There's a great article in the May 2016 issue of Communications of the ACM authored by a group of Googlers, including former Berkeley PhD student David Oppenheimer (now the tech lead on Kubernetes) and my PhD advisor Eric Brewer (Berkeley professor on leave to be Google's VP Infrastructure), on the evolution of cloud-based management systems at Google. They were doing "containerization" of cloud servers before almost anyone else, and contributed to the Linux containerization code. The article distills over 10 years of designing and working with different approaches to containerizing software to share the hardware in Google's datacenters, and some lessons learned and still-open problems. A couple of key messages:

  • The "unit of virtualization" is no longer the virtual machine but the application, since modern systems like Kubernetes and Docker virtualize the app container and the files and resources on which it depends, but actually hide some details of the underlying OS, instead relying on OS-independent APIs. Apps are therefore less sensitive to OS-specific APIs and easier to port across containers.
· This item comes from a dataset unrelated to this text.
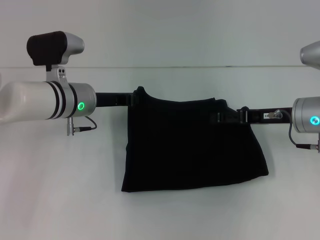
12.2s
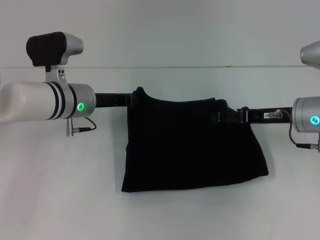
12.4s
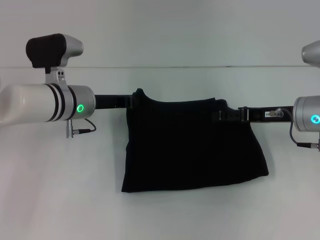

  • As a result of having both resource containers and filesystem-virtualization containers map to an app (or small collection of apps that make up a service), troubleshooting and monitoring naturally have affinity to apps rather than (virtual) machines, simplifying devops.
  • A "label" scheme in which a given instance of an app has one or more labels simplifies deployment and devops as well. For example, if one instance of a service is misbehaving, that instance can (eg) have the "production" label removed from it, so that monitoring/load balancing services will exclude it from their operations but leave it running so it can be debugged in situ.
The article also points to still-open problems, including (surprise!) configuration (every configuration DSL eventually becomes Turing-complete and they're all mutually incompatible), dependency management (related to configuration, but also introduces new complications, i.e. what if service X depends on Y but Y must first go through a registration or authentication step before it can be deployed), and more.

Overall a really interesting read that suggests, ironically, that the programmer-facing view of cloud datacenters is actually a "back to the 1990s" view of managing a collection of individual apps with APIs (remember ASPs?) rather than managing a collection of either virtual or physical machine images.